-------- DATASET EXTRACT
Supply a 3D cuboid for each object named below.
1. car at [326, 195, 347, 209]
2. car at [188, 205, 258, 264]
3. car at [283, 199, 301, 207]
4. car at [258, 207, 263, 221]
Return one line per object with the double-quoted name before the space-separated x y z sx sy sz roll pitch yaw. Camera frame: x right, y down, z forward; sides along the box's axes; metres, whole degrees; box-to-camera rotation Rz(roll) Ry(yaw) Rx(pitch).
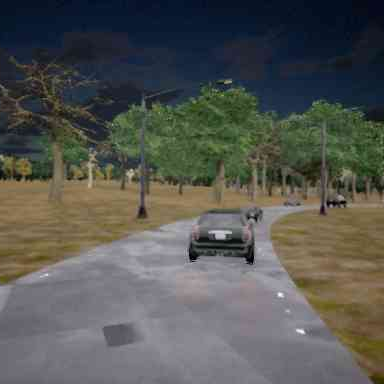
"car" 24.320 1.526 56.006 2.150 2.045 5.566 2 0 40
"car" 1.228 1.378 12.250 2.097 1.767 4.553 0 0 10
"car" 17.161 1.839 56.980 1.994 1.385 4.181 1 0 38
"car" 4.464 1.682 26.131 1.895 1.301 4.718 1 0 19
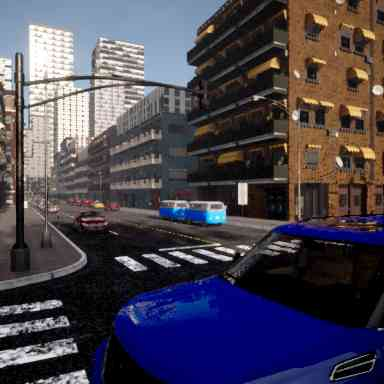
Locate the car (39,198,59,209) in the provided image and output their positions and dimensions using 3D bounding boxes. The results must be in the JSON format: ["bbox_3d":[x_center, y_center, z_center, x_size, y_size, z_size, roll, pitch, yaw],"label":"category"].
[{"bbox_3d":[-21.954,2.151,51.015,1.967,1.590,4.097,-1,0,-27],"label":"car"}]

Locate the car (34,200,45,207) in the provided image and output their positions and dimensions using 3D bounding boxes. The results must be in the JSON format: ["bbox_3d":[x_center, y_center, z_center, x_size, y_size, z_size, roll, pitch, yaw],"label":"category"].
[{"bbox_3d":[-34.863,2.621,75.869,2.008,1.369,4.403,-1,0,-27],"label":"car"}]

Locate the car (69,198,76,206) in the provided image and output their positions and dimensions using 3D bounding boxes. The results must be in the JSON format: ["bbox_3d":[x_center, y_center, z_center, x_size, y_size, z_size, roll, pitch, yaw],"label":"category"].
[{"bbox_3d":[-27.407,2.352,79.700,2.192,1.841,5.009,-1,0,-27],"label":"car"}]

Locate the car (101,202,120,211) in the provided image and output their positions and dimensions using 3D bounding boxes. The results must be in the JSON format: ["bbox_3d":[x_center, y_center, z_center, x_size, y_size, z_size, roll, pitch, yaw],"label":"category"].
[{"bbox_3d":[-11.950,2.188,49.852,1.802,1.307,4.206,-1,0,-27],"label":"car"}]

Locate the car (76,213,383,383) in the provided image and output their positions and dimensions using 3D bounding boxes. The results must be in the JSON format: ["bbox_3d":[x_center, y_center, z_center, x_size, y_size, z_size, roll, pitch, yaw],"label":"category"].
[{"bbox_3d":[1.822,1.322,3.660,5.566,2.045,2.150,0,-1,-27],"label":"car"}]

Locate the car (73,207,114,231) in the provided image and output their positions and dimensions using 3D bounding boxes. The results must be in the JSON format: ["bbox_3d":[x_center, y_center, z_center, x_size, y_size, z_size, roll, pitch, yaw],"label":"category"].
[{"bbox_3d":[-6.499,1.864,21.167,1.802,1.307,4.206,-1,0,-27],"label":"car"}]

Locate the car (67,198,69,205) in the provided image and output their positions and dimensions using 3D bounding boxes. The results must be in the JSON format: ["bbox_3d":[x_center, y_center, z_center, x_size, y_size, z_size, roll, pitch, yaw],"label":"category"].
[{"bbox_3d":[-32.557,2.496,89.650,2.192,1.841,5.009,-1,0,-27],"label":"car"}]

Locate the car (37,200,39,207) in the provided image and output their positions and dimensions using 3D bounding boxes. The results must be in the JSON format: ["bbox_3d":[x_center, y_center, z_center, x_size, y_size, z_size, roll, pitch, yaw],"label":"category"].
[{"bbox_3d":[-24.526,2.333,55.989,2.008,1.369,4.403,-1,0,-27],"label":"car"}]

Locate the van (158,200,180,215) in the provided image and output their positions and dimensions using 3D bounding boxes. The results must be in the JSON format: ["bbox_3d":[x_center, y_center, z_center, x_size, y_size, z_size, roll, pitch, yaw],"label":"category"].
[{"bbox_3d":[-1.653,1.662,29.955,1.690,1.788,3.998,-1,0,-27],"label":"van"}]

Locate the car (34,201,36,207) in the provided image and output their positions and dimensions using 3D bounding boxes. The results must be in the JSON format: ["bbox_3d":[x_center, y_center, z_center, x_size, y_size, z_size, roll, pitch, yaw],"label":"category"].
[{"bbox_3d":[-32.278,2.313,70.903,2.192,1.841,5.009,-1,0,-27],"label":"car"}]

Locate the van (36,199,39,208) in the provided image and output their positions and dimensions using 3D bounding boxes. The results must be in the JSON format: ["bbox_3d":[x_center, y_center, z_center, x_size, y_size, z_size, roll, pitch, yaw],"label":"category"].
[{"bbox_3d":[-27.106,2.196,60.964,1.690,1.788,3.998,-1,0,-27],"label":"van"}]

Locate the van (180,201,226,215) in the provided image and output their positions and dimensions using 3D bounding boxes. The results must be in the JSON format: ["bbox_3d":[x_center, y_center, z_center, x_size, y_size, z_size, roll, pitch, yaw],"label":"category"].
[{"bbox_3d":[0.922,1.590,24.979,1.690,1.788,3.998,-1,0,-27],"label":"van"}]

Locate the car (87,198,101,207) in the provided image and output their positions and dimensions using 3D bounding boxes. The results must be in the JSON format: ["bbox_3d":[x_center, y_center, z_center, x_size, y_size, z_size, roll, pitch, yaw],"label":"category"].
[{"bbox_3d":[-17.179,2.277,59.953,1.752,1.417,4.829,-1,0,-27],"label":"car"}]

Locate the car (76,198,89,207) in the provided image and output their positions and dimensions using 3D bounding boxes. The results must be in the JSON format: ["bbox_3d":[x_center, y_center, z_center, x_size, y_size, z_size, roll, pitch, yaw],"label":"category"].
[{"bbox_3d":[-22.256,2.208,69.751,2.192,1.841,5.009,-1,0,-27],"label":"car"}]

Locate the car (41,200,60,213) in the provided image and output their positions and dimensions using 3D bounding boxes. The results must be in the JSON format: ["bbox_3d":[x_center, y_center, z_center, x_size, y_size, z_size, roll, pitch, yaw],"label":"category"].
----------------
__WORK REQUEST__
Replicate the material above verbatim; images stay out of the copy.

__RESULT OF THE TASK__
Supply a 3D cuboid for each object named below.
1. car at [326, 195, 347, 209]
2. car at [188, 205, 258, 264]
3. car at [283, 199, 301, 207]
4. car at [258, 207, 263, 221]
Return one line per object with the double-quoted name before the space-separated x y z sx sy sz roll pitch yaw. Camera frame: x right, y down, z forward; sides along the box's axes; metres, whole degrees; box-to-camera rotation Rz(roll) Ry(yaw) Rx(pitch).
"car" 24.320 1.526 56.006 2.150 2.045 5.566 2 0 40
"car" 1.228 1.378 12.250 2.097 1.767 4.553 0 0 10
"car" 17.161 1.839 56.980 1.994 1.385 4.181 1 0 38
"car" 4.464 1.682 26.131 1.895 1.301 4.718 1 0 19
Locate the car (39,198,59,209) in the provided image and output their positions and dimensions using 3D bounding boxes. The results must be in the JSON format: ["bbox_3d":[x_center, y_center, z_center, x_size, y_size, z_size, roll, pitch, yaw],"label":"category"].
[{"bbox_3d":[-21.954,2.151,51.015,1.967,1.590,4.097,-1,0,-27],"label":"car"}]

Locate the car (34,200,45,207) in the provided image and output their positions and dimensions using 3D bounding boxes. The results must be in the JSON format: ["bbox_3d":[x_center, y_center, z_center, x_size, y_size, z_size, roll, pitch, yaw],"label":"category"].
[{"bbox_3d":[-34.863,2.621,75.869,2.008,1.369,4.403,-1,0,-27],"label":"car"}]

Locate the car (69,198,76,206) in the provided image and output their positions and dimensions using 3D bounding boxes. The results must be in the JSON format: ["bbox_3d":[x_center, y_center, z_center, x_size, y_size, z_size, roll, pitch, yaw],"label":"category"].
[{"bbox_3d":[-27.407,2.352,79.700,2.192,1.841,5.009,-1,0,-27],"label":"car"}]

Locate the car (101,202,120,211) in the provided image and output their positions and dimensions using 3D bounding boxes. The results must be in the JSON format: ["bbox_3d":[x_center, y_center, z_center, x_size, y_size, z_size, roll, pitch, yaw],"label":"category"].
[{"bbox_3d":[-11.950,2.188,49.852,1.802,1.307,4.206,-1,0,-27],"label":"car"}]

Locate the car (76,213,383,383) in the provided image and output their positions and dimensions using 3D bounding boxes. The results must be in the JSON format: ["bbox_3d":[x_center, y_center, z_center, x_size, y_size, z_size, roll, pitch, yaw],"label":"category"].
[{"bbox_3d":[1.822,1.322,3.660,5.566,2.045,2.150,0,-1,-27],"label":"car"}]

Locate the car (73,207,114,231) in the provided image and output their positions and dimensions using 3D bounding boxes. The results must be in the JSON format: ["bbox_3d":[x_center, y_center, z_center, x_size, y_size, z_size, roll, pitch, yaw],"label":"category"].
[{"bbox_3d":[-6.499,1.864,21.167,1.802,1.307,4.206,-1,0,-27],"label":"car"}]

Locate the car (67,198,69,205) in the provided image and output their positions and dimensions using 3D bounding boxes. The results must be in the JSON format: ["bbox_3d":[x_center, y_center, z_center, x_size, y_size, z_size, roll, pitch, yaw],"label":"category"].
[{"bbox_3d":[-32.557,2.496,89.650,2.192,1.841,5.009,-1,0,-27],"label":"car"}]

Locate the car (37,200,39,207) in the provided image and output their positions and dimensions using 3D bounding boxes. The results must be in the JSON format: ["bbox_3d":[x_center, y_center, z_center, x_size, y_size, z_size, roll, pitch, yaw],"label":"category"].
[{"bbox_3d":[-24.526,2.333,55.989,2.008,1.369,4.403,-1,0,-27],"label":"car"}]

Locate the van (158,200,180,215) in the provided image and output their positions and dimensions using 3D bounding boxes. The results must be in the JSON format: ["bbox_3d":[x_center, y_center, z_center, x_size, y_size, z_size, roll, pitch, yaw],"label":"category"].
[{"bbox_3d":[-1.653,1.662,29.955,1.690,1.788,3.998,-1,0,-27],"label":"van"}]

Locate the car (34,201,36,207) in the provided image and output their positions and dimensions using 3D bounding boxes. The results must be in the JSON format: ["bbox_3d":[x_center, y_center, z_center, x_size, y_size, z_size, roll, pitch, yaw],"label":"category"].
[{"bbox_3d":[-32.278,2.313,70.903,2.192,1.841,5.009,-1,0,-27],"label":"car"}]

Locate the van (36,199,39,208) in the provided image and output their positions and dimensions using 3D bounding boxes. The results must be in the JSON format: ["bbox_3d":[x_center, y_center, z_center, x_size, y_size, z_size, roll, pitch, yaw],"label":"category"].
[{"bbox_3d":[-27.106,2.196,60.964,1.690,1.788,3.998,-1,0,-27],"label":"van"}]

Locate the van (180,201,226,215) in the provided image and output their positions and dimensions using 3D bounding boxes. The results must be in the JSON format: ["bbox_3d":[x_center, y_center, z_center, x_size, y_size, z_size, roll, pitch, yaw],"label":"category"].
[{"bbox_3d":[0.922,1.590,24.979,1.690,1.788,3.998,-1,0,-27],"label":"van"}]

Locate the car (87,198,101,207) in the provided image and output their positions and dimensions using 3D bounding boxes. The results must be in the JSON format: ["bbox_3d":[x_center, y_center, z_center, x_size, y_size, z_size, roll, pitch, yaw],"label":"category"].
[{"bbox_3d":[-17.179,2.277,59.953,1.752,1.417,4.829,-1,0,-27],"label":"car"}]

Locate the car (76,198,89,207) in the provided image and output their positions and dimensions using 3D bounding boxes. The results must be in the JSON format: ["bbox_3d":[x_center, y_center, z_center, x_size, y_size, z_size, roll, pitch, yaw],"label":"category"].
[{"bbox_3d":[-22.256,2.208,69.751,2.192,1.841,5.009,-1,0,-27],"label":"car"}]

Locate the car (41,200,60,213) in the provided image and output their positions and dimensions using 3D bounding boxes. The results must be in the JSON format: ["bbox_3d":[x_center, y_center, z_center, x_size, y_size, z_size, roll, pitch, yaw],"label":"category"].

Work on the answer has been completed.